= Tera Fort =

Tera Fort is one of the many forts of Kutch, Gujarat, India. It is situated in southwestern Kutch near the village of Tera in Abdasa Taluka.

==Location==
Tera Fort lies eighty-five kilometres west of the town of Bhuj. It dominates the plains of Kutch from its position on the banks of Tretara (Three lakes) namely Chattasar, Sumerasar and Chatasar.

==History==
Tera Fort was built by one of the Jadeja Chiefs, who was given the estate of Tera during the reign of Deshalji I (1718-1741).

Tera Fort was badly damaged in a war that was fought during the reign of Maharao Lakhpatji (ruled 1741-1760).
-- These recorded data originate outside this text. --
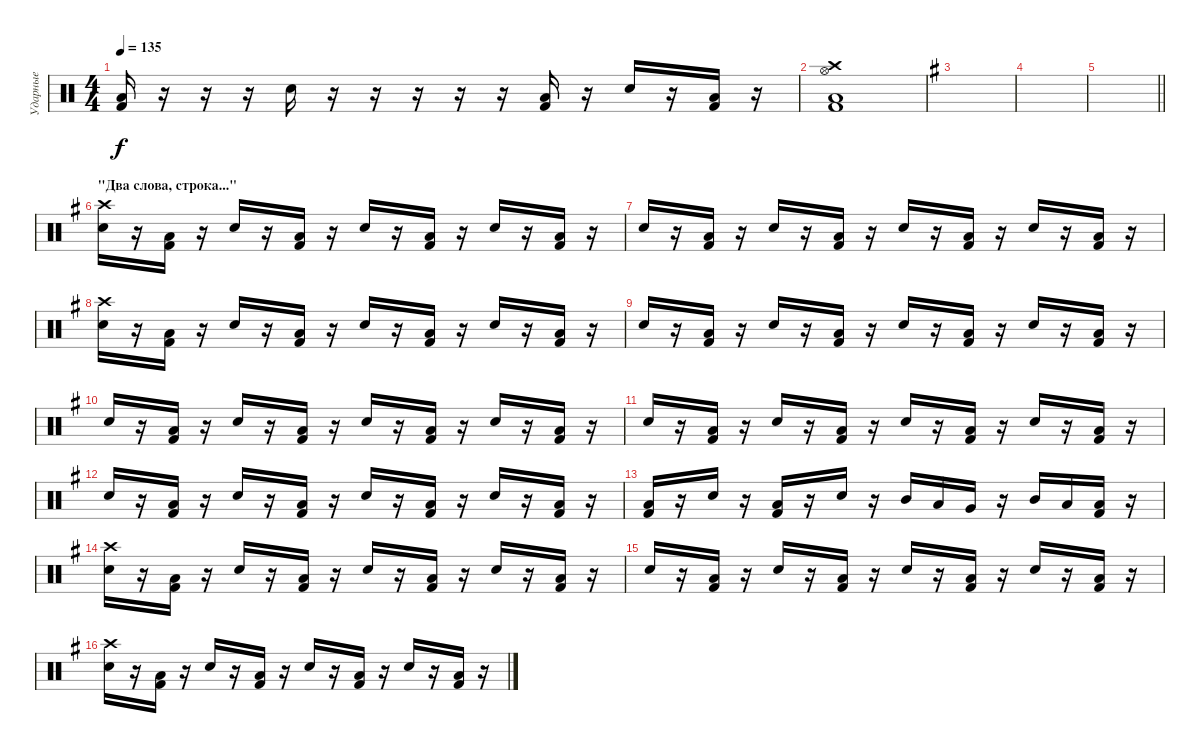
\track ("Ударные" "Ударные") {instrument percussion}
\staff {score}
\articulation defaults
\ts (4 4)
\tempo 135
\clef neutral
\ks c
("Low Floor Tom (hit)" "Kick (hit) 2").16{dy f} r.16 r.16 r.16 "Electric Snare (hit)".16 r.16 r.16 r.16 r.16 r.16 ("Low Floor Tom (hit)" "Kick (hit) 2").16 r.16 "Electric Snare (hit)".16 r.16 ("Low Floor Tom (hit)" "Kick (hit) 2").16 r.16 |
("Crash high (hit)" "Hi-Hat (open)" "Low Floor Tom (hit)" "Kick (hit) 2").1 |
\ks eminor
|
|
\barLineRight lightlight
|
\section ("" "\"Два слова, строка...\"")
("Crash high (hit)" "Electric Snare (hit)").16 r.16 ("Low Floor Tom (hit)" "Kick (hit) 2").16 r.16 "Electric Snare (hit)".16 r.16 ("Low Floor Tom (hit)" "Kick (hit) 2").16 r.16 "Electric Snare (hit)".16 r.16 ("Low Floor Tom (hit)" "Kick (hit) 2").16 r.16 "Electric Snare (hit)".16 r.16 ("Low Floor Tom (hit)" "Kick (hit) 2").16 r.16 |
"Electric Snare (hit)".16 r.16 ("Low Floor Tom (hit)" "Kick (hit) 2").16 r.16 "Electric Snare (hit)".16 r.16 ("Low Floor Tom (hit)" "Kick (hit) 2").16 r.16 "Electric Snare (hit)".16 r.16 ("Low Floor Tom (hit)" "Kick (hit) 2").16 r.16 "Electric Snare (hit)".16 r.16 ("Low Floor Tom (hit)" "Kick (hit) 2").16 r.16 |
("Crash high (hit)" "Electric Snare (hit)").16 r.16 ("Low Floor Tom (hit)" "Kick (hit) 2").16 r.16 "Electric Snare (hit)".16 r.16 ("Low Floor Tom (hit)" "Kick (hit) 2").16 r.16 "Electric Snare (hit)".16 r.16 ("Low Floor Tom (hit)" "Kick (hit) 2").16 r.16 "Electric Snare (hit)".16 r.16 ("Low Floor Tom (hit)" "Kick (hit) 2").16 r.16 |
"Electric Snare (hit)".16 r.16 ("Low Floor Tom (hit)" "Kick (hit) 2").16 r.16 "Electric Snare (hit)".16 r.16 ("Low Floor Tom (hit)" "Kick (hit) 2").16 r.16 "Electric Snare (hit)".16 r.16 ("Low Floor Tom (hit)" "Kick (hit) 2").16 r.16 "Electric Snare (hit)".16 r.16 ("Low Floor Tom (hit)" "Kick (hit) 2").16 r.16 |
"Electric Snare (hit)".16 r.16 ("Low Floor Tom (hit)" "Kick (hit) 2").16 r.16 "Electric Snare (hit)".16 r.16 ("Low Floor Tom (hit)" "Kick (hit) 2").16 r.16 "Electric Snare (hit)".16 r.16 ("Low Floor Tom (hit)" "Kick (hit) 2").16 r.16 "Electric Snare (hit)".16 r.16 ("Low Floor Tom (hit)" "Kick (hit) 2").16 r.16 |
"Electric Snare (hit)".16 r.16 ("Low Floor Tom (hit)" "Kick (hit) 2").16 r.16 "Electric Snare (hit)".16 r.16 ("Low Floor Tom (hit)" "Kick (hit) 2").16 r.16 "Electric Snare (hit)".16 r.16 ("Low Floor Tom (hit)" "Kick (hit) 2").16 r.16 "Electric Snare (hit)".16 r.16 ("Low Floor Tom (hit)" "Kick (hit) 2").16 r.16 |
"Electric Snare (hit)".16 r.16 ("Low Floor Tom (hit)" "Kick (hit) 2").16 r.16 "Electric Snare (hit)".16 r.16 ("Low Floor Tom (hit)" "Kick (hit) 2").16 r.16 "Electric Snare (hit)".16 r.16 ("Low Floor Tom (hit)" "Kick (hit) 2").16 r.16 "Electric Snare (hit)".16 r.16 ("Low Floor Tom (hit)" "Kick (hit) 2").16 r.16 |
("Low Floor Tom (hit)" "Kick (hit) 2").16 r.16 "Electric Snare (hit)".16 r.16 ("Low Floor Tom (hit)" "Kick (hit) 2").16 r.16 "Electric Snare (hit)".16 r.16 "Mid Tom (hit)".16 "Low Tom (hit)".16 "Very Low Tom (hit)".16 r.16 "Mid Tom (hit)".16 "Low Tom (hit)".16 ("Low Floor Tom (hit)" "Kick (hit) 2").16 r.16 |
("Crash high (hit)" "Electric Snare (hit)").16 r.16 ("Low Floor Tom (hit)" "Kick (hit) 2").16 r.16 "Electric Snare (hit)".16 r.16 ("Low Floor Tom (hit)" "Kick (hit) 2").16 r.16 "Electric Snare (hit)".16 r.16 ("Low Floor Tom (hit)" "Kick (hit) 2").16 r.16 "Electric Snare (hit)".16 r.16 ("Low Floor Tom (hit)" "Kick (hit) 2").16 r.16 |
"Electric Snare (hit)".16 r.16 ("Low Floor Tom (hit)" "Kick (hit) 2").16 r.16 "Electric Snare (hit)".16 r.16 ("Low Floor Tom (hit)" "Kick (hit) 2").16 r.16 "Electric Snare (hit)".16 r.16 ("Low Floor Tom (hit)" "Kick (hit) 2").16 r.16 "Electric Snare (hit)".16 r.16 ("Low Floor Tom (hit)" "Kick (hit) 2").16 r.16 |
("Crash high (hit)" "Electric Snare (hit)").16 r.16 ("Low Floor Tom (hit)" "Kick (hit) 2").16 r.16 "Electric Snare (hit)".16 r.16 ("Low Floor Tom (hit)" "Kick (hit) 2").16 r.16 "Electric Snare (hit)".16 r.16 ("Low Floor Tom (hit)" "Kick (hit) 2").16 r.16 "Electric Snare (hit)".16 r.16 ("Low Floor Tom (hit)" "Kick (hit) 2").16 r.16

Sumraji Thakore of Tera, the chief of Tera Estate, spoke badly of the Rao of Kutch. Lakhpatji sent an army to Tera, to subdue the revolt. For the first time in history of Kutch, artillery power was used in war. This artillery was set up by the famous Ram Singh Malam. The cannon power destroyed most of the fort. The war ended after three months of siege, when Sumraji surrendered and gave a formal apology for his remarks.

The walls of the fort was damaged in 1819 Rann of Kutch earthquake which were repaired later.

The fort is now one of the tourist attractions of the Kutch.